European Franchise Association: Franchising is a system of marketing products, services or technologies in which the franchisor and his individual franchisees are legally and financially independent but maintain a close and mutually exclusive relationship with each other. In the ongoing cooperation, the franchisee relies on the rights and obligations granted by the franchisor and operates according to the franchisor's concept. Through direct or indirect financial exchange between the two parties, the franchisee can use the franchisor's trade name, trademark, service mark, and business operations. Know-how, business and technical methods, ongoing systems and other industrial or intellectual property rights are operated within the framework and terms of a written franchise contract drawn up by mutual consent.

Advantages of Franchising

Franchising has a history of more than one hundred years, and its success has attracted worldwide attention. In recent years, franchising has also experienced tremendous development in our country. The reason why this distribution method continues to thrive is because of its operational advantages.

1. Franchisors use franchising to implement large-scale, low-cost expansion

For franchisors, with the help of franchising, they can obtain the following advantages:

(1) Franchisors can Implementing centralized control while maintaining a small scale can earn reasonable profits without involving high capital risks, let alone the daily chores of franchisees.

(2) Since franchise stores have a deeper understanding of their regions, it is often easier to discover business scope that the company has not yet covered.

(3) Since the franchisor does not need to participate in the employee management of franchisees, it has relatively few employee issues to deal with.

(4) The franchisor does not own the franchisee's assets, and the responsibility for ensuring the safety of the assets falls entirely on the asset owner, and the franchisor does not have to bear relevant responsibilities.

(5) Franchisors engaged in manufacturing or wholesale industries can establish distribution networks with the help of franchising to ensure market development of products. Some people say that wherever there are people, there is Coca-Cola, and wherever there is color, there is Kodak. Why are these brands so ubiquitous? The reason is that they use franchising to achieve large-scale, low-cost expansion.

2. Franchisees use franchising to "enlarge the base plate"

Some people vividly compare franchising to "enlarging the base plate", that is, using the franchisor's trademark, special skills, and business model to repeatedly use it and thereby expand scale.

(1) You can enjoy ready-made goodwill and brand. Because franchisees have inherited the goodwill of the franchisor, they have a good image during the opening and entrepreneurship stages, allowing many tasks to be carried out smoothly.
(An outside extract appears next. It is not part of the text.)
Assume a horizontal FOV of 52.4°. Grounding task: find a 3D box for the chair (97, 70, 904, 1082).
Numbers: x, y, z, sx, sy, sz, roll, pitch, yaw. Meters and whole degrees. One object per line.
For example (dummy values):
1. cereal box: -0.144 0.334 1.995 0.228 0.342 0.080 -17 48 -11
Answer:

Otherwise, building an image with the help of a strong advertising campaign is a huge expense.

(2) Avoid market risks. For investors who lack market operations, they are often at a disadvantage in the face of fierce market competition. Investing in a franchisor with good performance and strength, with its brand image, management model and other support systems, greatly reduces the risk.

(3) Share economies of scale. These scale benefits include: procurement scale benefits, advertising scale benefits, operation scale benefits, technology development scale benefits, etc.
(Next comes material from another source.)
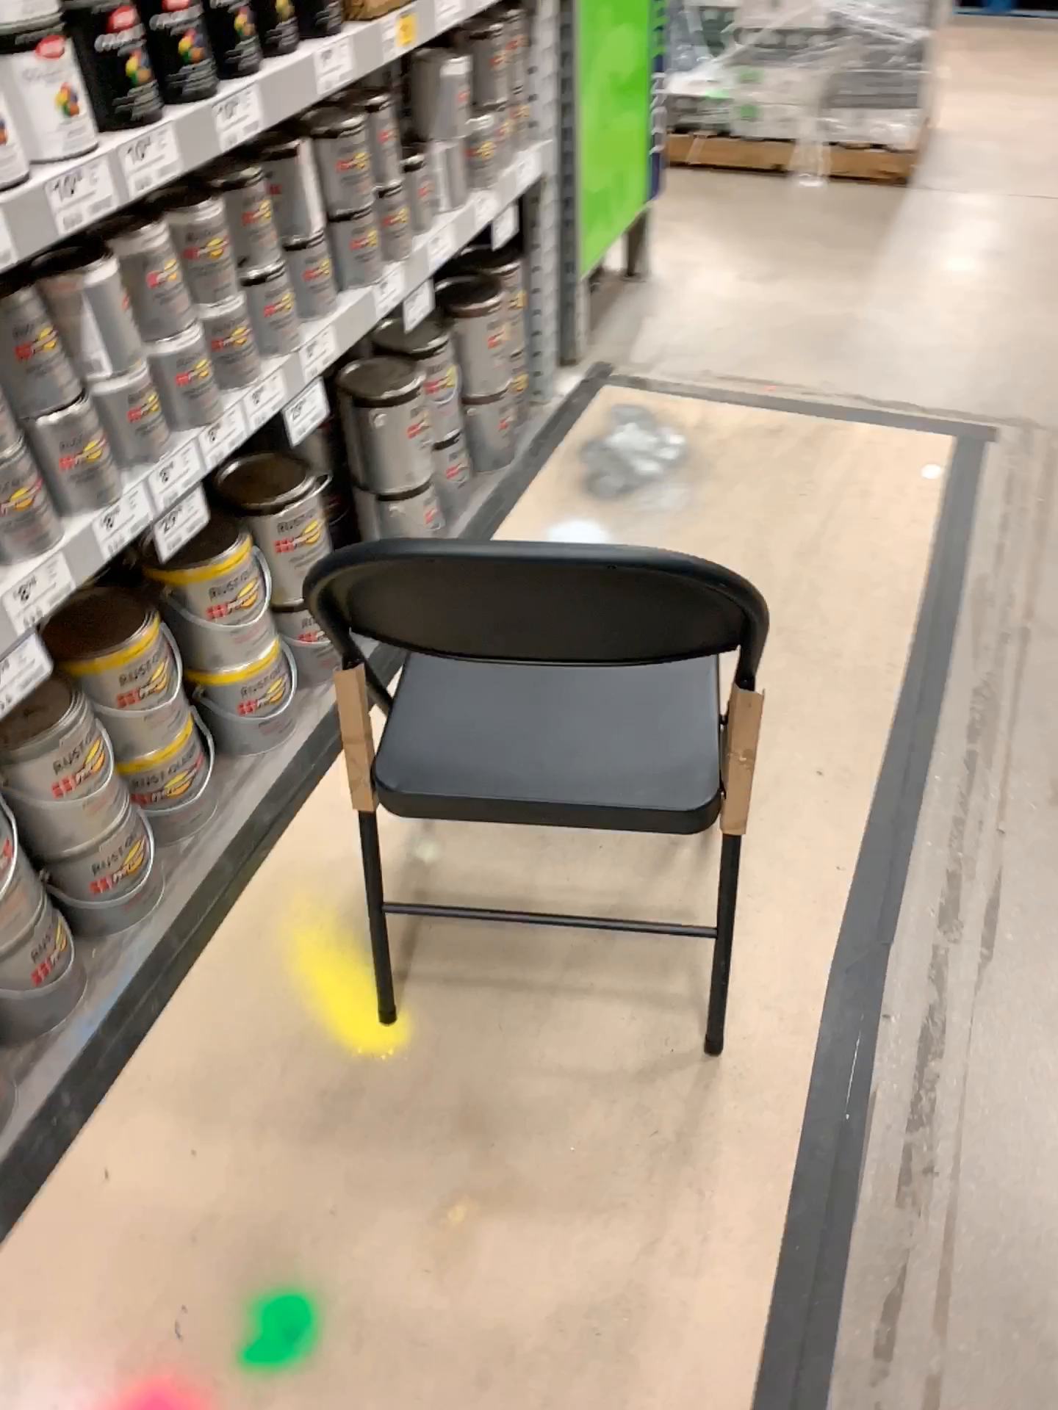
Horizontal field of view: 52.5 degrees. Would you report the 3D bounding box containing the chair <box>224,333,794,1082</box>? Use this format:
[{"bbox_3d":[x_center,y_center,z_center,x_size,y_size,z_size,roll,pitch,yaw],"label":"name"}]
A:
[{"bbox_3d":[0.025,0.017,1.252,0.451,0.713,0.476,4,43,8],"label":"chair"}]

(4) Obtain support from various aspects. Franchisees can receive various support from franchisors, such as training, location selection, financing, market analysis, unified advertising, technology transfer, etc.

3. Franchising is popular with consumers because of its management advantages

Another reason for the successful development of franchising is accurate positioning.

Because of its accurate positioning, the company can accurately select the target market, combine marketing strategies around the target market, and understand changes in the target market in a timely manner, making the company's products and services at the forefront of the times.